David Almeida tenía 12 años cuando su padre lo sentó a su lado y le enseñó el oficio de tejer alpargatas. Al principio no le gustaba. Eso de hacer trenzas con yute no era algo que llamara su atención.
Sin embargo, ahora, 63 años más tarde, don David agradece aquella lección que hoy lo convierte en el último alpargatero de Zámbiza, un barrio en el norte de Quito.
Allí, muchos lo conocen, lo estiman y miran con curiosidad la velocidad con la que sus manos fabrican el calzado. Luis Andrango vive en la casa de al lado y, pese a que lo ha visto en el oficio por 15 años, aún se queda hipnotizado por la precisión con la que don David arma los zapatos.
Tenía 25 años cuando se casó con Targelia Carvajal y dejó San Juan de Calderón para vivir en Zámbiza. En antaño, el vecino hacía unos 12 pares cada semana. “Costaban un sucre cada uno. Luego subieron a dos”, describe don David, mientras arma la planta de una alpargata.
Luego las botas siete vidas (esas que son fabricadas con caucho) reemplazaron el calzado artesanal. En la actualidad, el hombre elabora no más de tres pares al año. Los hace bajo pedido, cada uno cuesta 40 dólares. Es muy laborioso. “Ser alpargatero es mi vida. El oficio es padre y madre para mí”.
Todo es hecho a mano. Trenza diez metros de esa especie de paja para formar la suela. Luego la cose y le da la forma del pie.
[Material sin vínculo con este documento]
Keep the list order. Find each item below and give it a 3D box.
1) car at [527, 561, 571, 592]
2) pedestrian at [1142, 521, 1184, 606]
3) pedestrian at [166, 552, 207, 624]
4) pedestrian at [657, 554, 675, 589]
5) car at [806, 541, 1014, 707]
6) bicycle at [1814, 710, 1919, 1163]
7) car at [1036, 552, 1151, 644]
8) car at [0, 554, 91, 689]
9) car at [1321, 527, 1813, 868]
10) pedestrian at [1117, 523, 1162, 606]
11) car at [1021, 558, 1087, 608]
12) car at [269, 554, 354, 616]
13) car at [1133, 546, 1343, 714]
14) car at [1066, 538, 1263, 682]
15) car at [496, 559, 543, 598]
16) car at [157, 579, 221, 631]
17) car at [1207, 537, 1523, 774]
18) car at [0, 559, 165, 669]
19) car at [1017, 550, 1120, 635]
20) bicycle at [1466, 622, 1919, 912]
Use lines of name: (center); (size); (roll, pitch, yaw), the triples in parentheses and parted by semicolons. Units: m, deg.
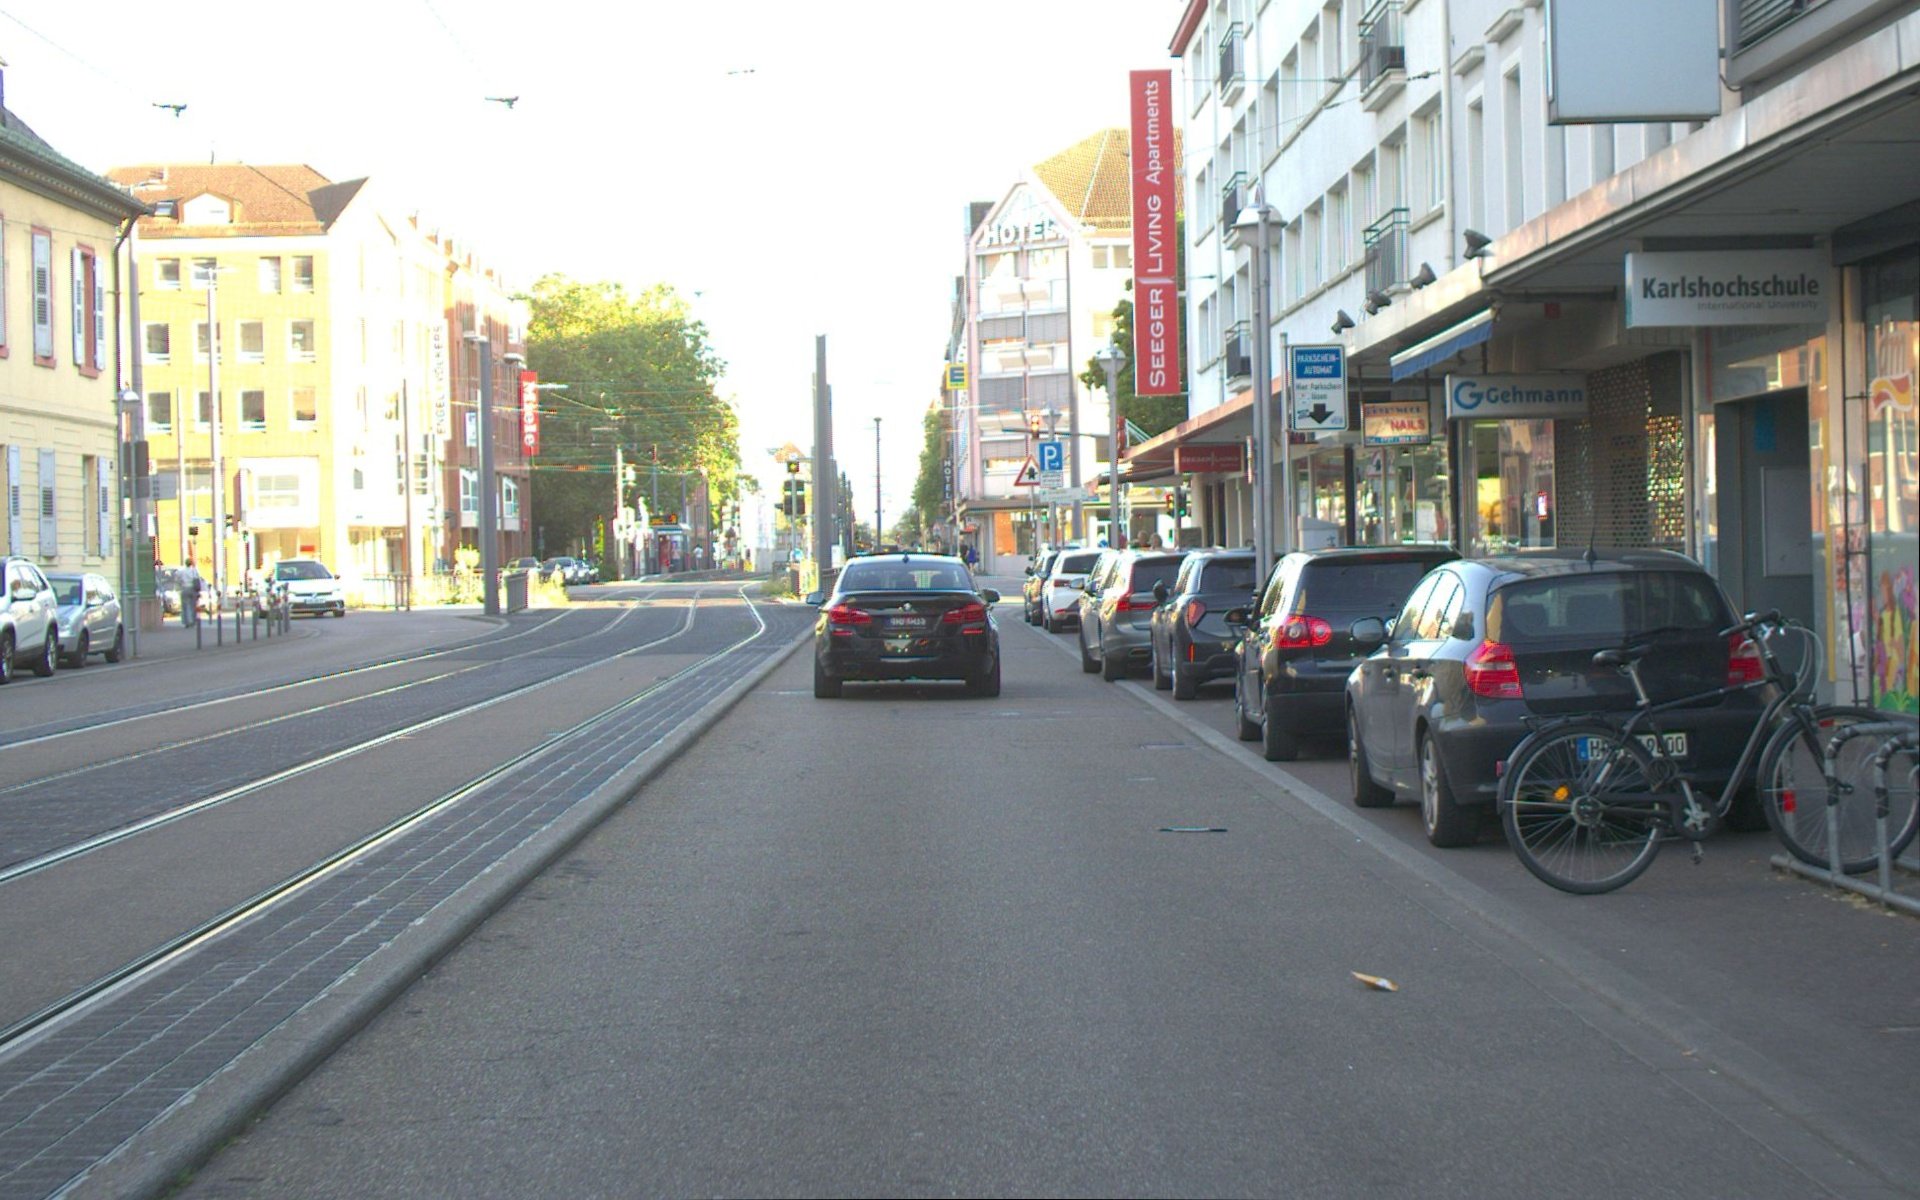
car: (-22.006, -1.249, 184.229); (1.993, 1.579, 4.587); (-1, 1, -3)
pedestrian: (4.214, -0.763, 71.455); (0.728, 1.735, 0.863); (-3, 1, 0)
pedestrian: (-17.265, -0.269, 76.770); (0.731, 1.579, 0.955); (-1, 1, -5)
pedestrian: (-17.098, -1.661, 200.101); (0.988, 2.007, 0.726); (1, 0, -2)
car: (-0.525, 0.204, 35.628); (1.993, 1.579, 4.000); (-1, 1, -1)
bicycle: (3.259, 0.795, 8.856); (1.885, 1.073, 0.676); (-3, 1, -3)
car: (2.333, -0.064, 60.799); (1.785, 1.507, 4.052); (-3, 1, 0)
car: (-13.668, 0.258, 47.824); (1.812, 1.779, 4.497); (2, 1, 2)
car: (3.041, 0.424, 18.083); (1.744, 1.507, 4.258); (-3, 1, 0)
pedestrian: (3.790, -0.759, 72.623); (0.827, 1.712, 0.843); (-3, 1, 0)
car: (3.068, -0.582, 112.761); (1.993, 1.546, 4.000); (-1, 1, -1)
car: (-16.624, -0.402, 88.056); (1.805, 1.507, 4.036); (-1, 1, -15)
car: (2.716, 0.253, 34.392); (1.685, 1.507, 4.035); (-3, 1, 0)
car: (2.321, 0.082, 40.124); (1.790, 1.507, 4.712); (-3, 1, -2)
car: (-22.201, -1.109, 173.494); (1.993, 1.895, 4.812); (-1, 1, -3)
car: (-23.779, 0.130, 106.086); (1.735, 1.507, 4.036); (-1, 1, -10)
car: (2.851, 0.341, 25.033); (1.720, 1.507, 4.167); (-3, 1, 0)
car: (-13.914, 0.194, 53.908); (1.812, 1.612, 4.215); (-1, 1, 1)
car: (2.044, -0.178, 66.091); (1.735, 1.507, 4.686); (-3, 1, 0)
bicycle: (3.165, 0.692, 14.604); (1.885, 1.134, 0.676); (-2, 1, -3)

Las tallas las tiene medidas al ojo, pero si duda revisa una improvisada mesita de piedra en la que constan los diversos tamaños. Sus 4 hijos y 13 nietos han modelado sus diseños.
Para la capellada (parte tejida que cubre los dedos) utiliza hilo pabilo y algodón. “Es ese que se usa para volar cometas. Quedan bien suavitas”, añade.
Un hábil artesano
Aunque le agarró el gusto a ser alpargatero, el destino lo llevó a probar suerte en otras actividades. Don David confeccionaba sacos y hasta trabajó en las minas de El Inca, también en el norte de la ciudad. Sin embargo, un lamentable accidente -en el que perdió a su tío- lo alejó de esa labor.
Una noche, un amigo de su suegro tocó la ventana de su casa y lo invitó a trabajar en la construcción de carreteras. “Me dijo: pide que te presten una pala y vamos. Ahí estuve 28 años haciendo caminos. Hasta a cobrar el cheque me fui con mis alpargatas”, acota.
Nunca ha dejado de lado su amor por el calzado de yute, incluso ha tratado de darle un toquecito más moderno con hilos de colores y distintos tipos de tejido. “Ya casi no usan, pero son buena opción para salir de la cama... Quise enseñarles a mis hijos, pero no quisieron. El ser alpargatero muere conmigo”, concluye.
Hasta el Niño Jesús se dejó hacer alpargatas
Hace cuatro años, el vecino fue con su esposa a la iglesia de San Sebastián a visitar al Señor de la Justicia. Allí compraron una estatua de un pequeño Niño Jesús. No podía dejarlo ‘patillucho’ así que le hice alpargatas”, menciona.
Sin embargo, la tarea no fue fácil, debió tomarle la medida tres veces. “Le decía mijo, no achiques ni alargues el pie o te quedas sin alpargatas”, comenta.